Tuesday, 11 October 2011

‘UK biz school students can study in India'

MUMBAI: Tasmac London, which has just shut shop, has now offered their Indian students to come and study in their campuses in India. The institute's official claimed that the stringent policies could be recessionary measures taken by the government . The institute, which had the capacity of 1,200, had only half the numbers of students on their campus, affecting their business.

Tasmac London was set up by a Pune-based management institute, Tasmac Education, which also runs institutes in Pune, Kolkata and Bengaluru . Training and Advanced Studies in Management and Communication (Tasmac) Limited set up its first overseas' campus in 2002 in London . However, the new visa policies set up by the UK Border Agency seems to have forced them to shut shop as their business was largely affected , the owners claimed.

Around 550 students, of which 150-200 students are Indians , are left in the lurch after the institute suddenly announced bankruptcy and shut both its campuses in London. The students were expecting the results of their exams when they got mails from the institute.

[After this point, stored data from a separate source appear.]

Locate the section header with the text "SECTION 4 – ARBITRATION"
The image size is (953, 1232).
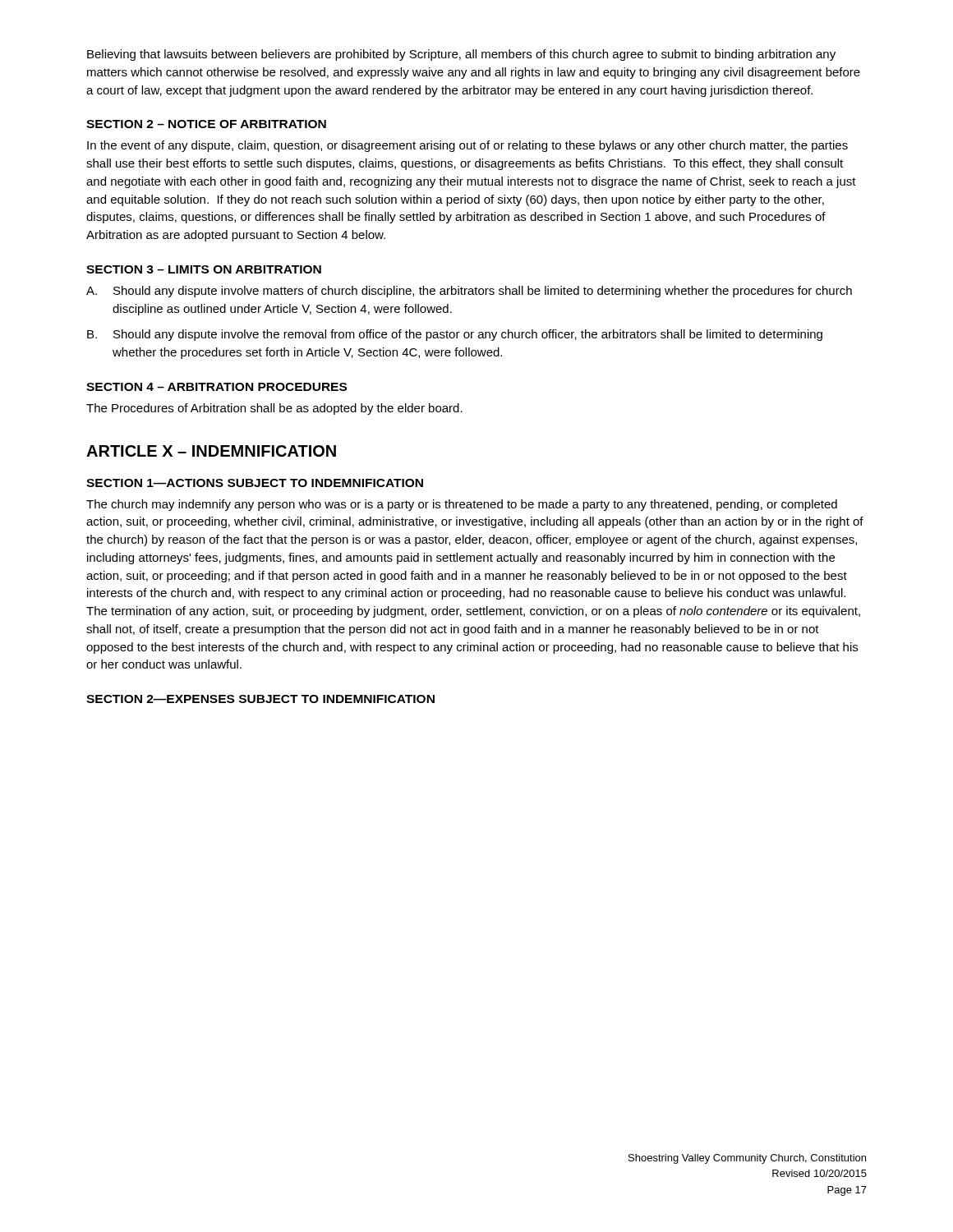217,386
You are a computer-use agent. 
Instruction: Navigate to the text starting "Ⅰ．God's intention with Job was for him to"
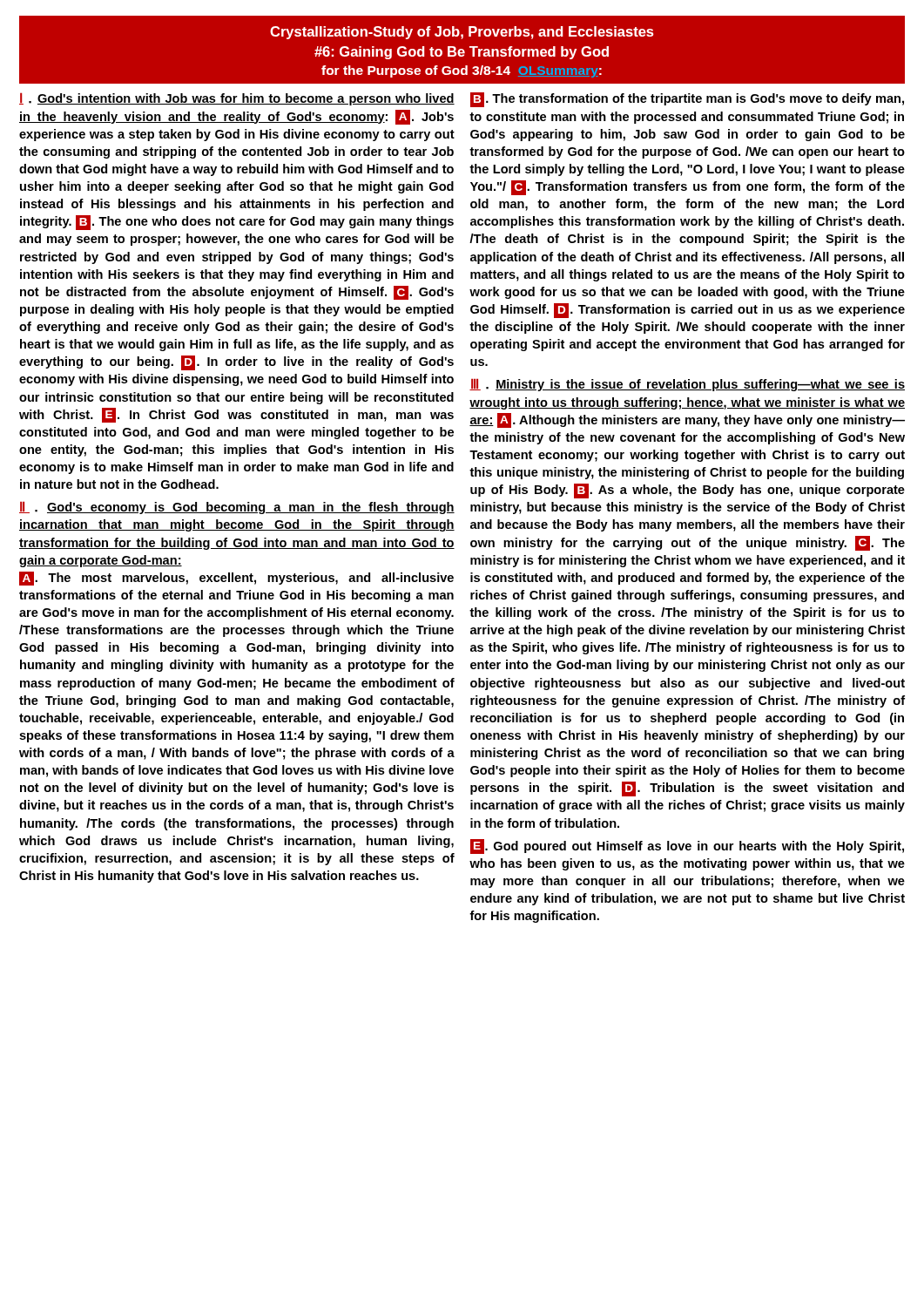pos(237,292)
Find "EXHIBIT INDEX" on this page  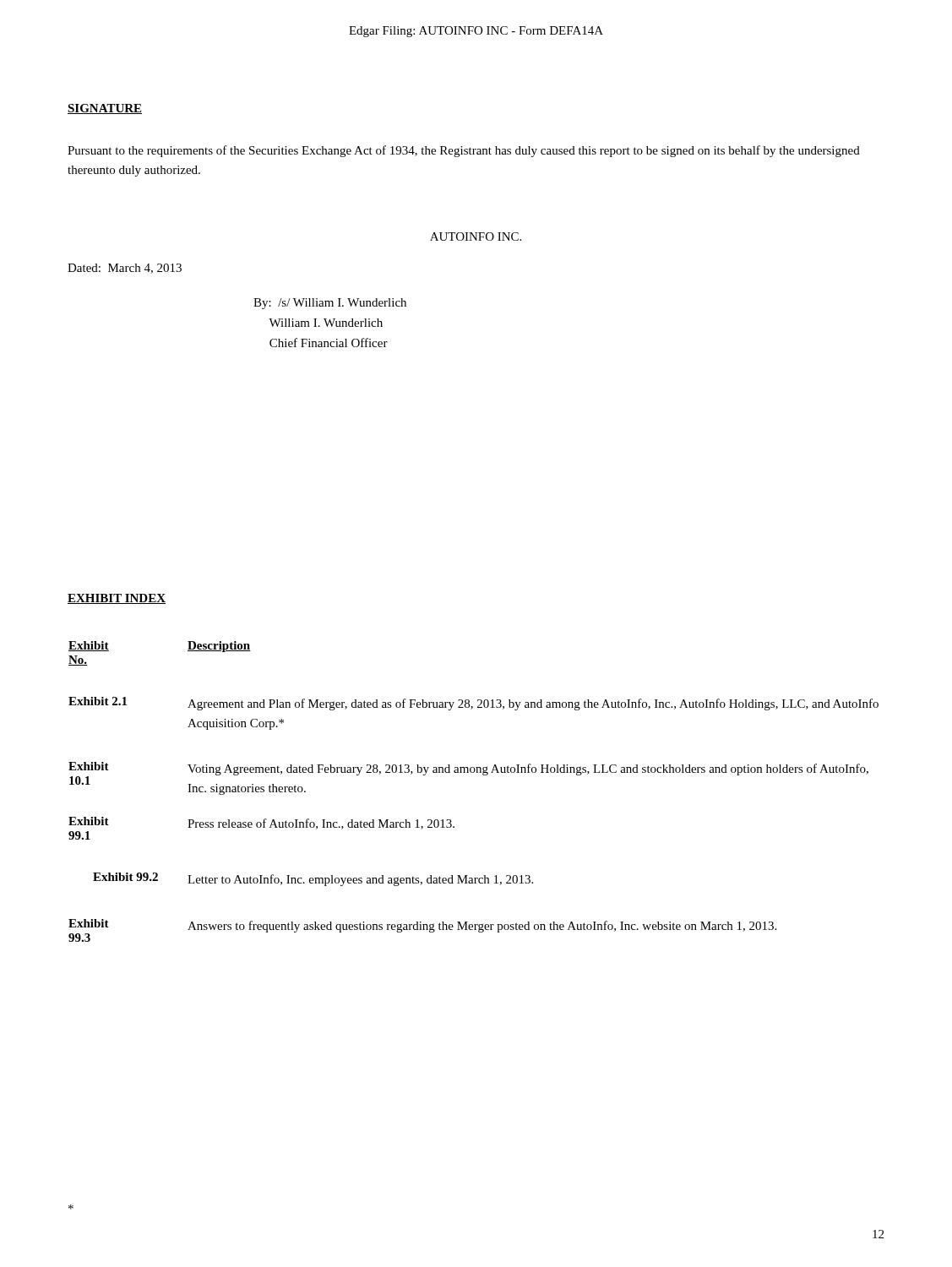tap(117, 598)
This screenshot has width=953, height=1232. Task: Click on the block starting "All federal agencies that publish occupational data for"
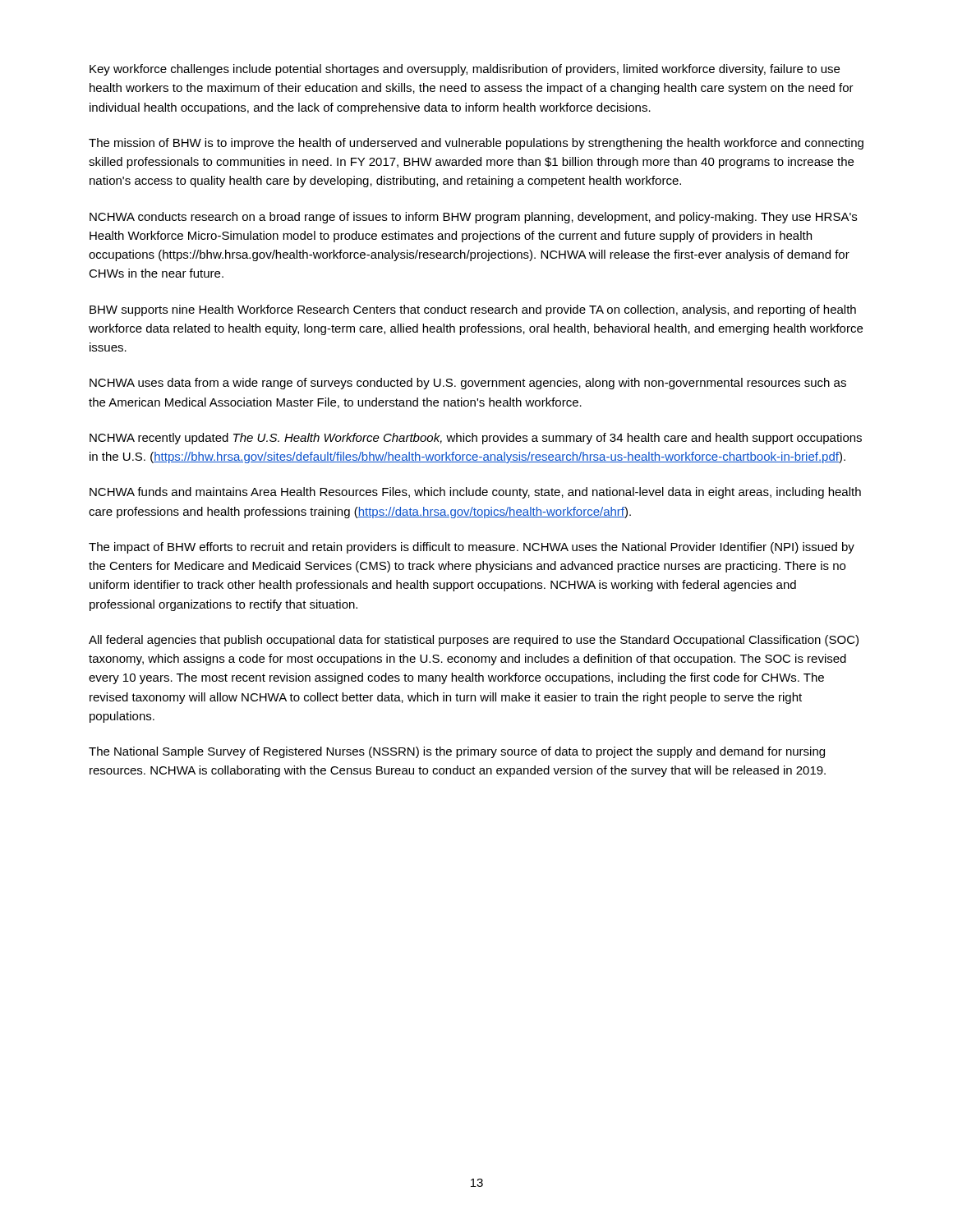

Prashant Dua, joint managing director of Tasmac, based in Pune, said, "We are in talks with a couple of institutes affiliated to the University of Wales, which have agreed to accommodate our students. We are trying to figure out how the fee aspect would be settled. Also, the university will send an email to all Indian students, inviting them to study in our Indian campuses. These students will not be charged anything. But we will not be able to help students who wish to apply outside University of Wales."

The institute offered BA (honours) for which the fee was close to Rs 12 lakh and a 16-month MBA programme for Rs 6 lakh. "The new visa policies are not getting us enough students. It could be recessionary measures taken by the government. The discontinuation of the poststudy work visa and also the new rule that does not allow students studying in private institutes to work part-time have affected the number of students applying to our institutes . Many private institutes have suffered due to the policy. We are unable to raise funds," said Dua.

The ministry of external affairs (MEA) is taking keen interest to ensure that Indian students are not inconvenienced . MEA spokesperson, Vishnu Prakash, said, "The Indian High Commission is in touch with Tasmac officials, who have conveyed that they are working with the University of Wales to transfer the students to other institutes. The IHC officials have also visited the campus and plan to meet the UK Border Agency soon. They have asked students to get in touch with the commission's office for assistance . However, none of the students have contacted yet."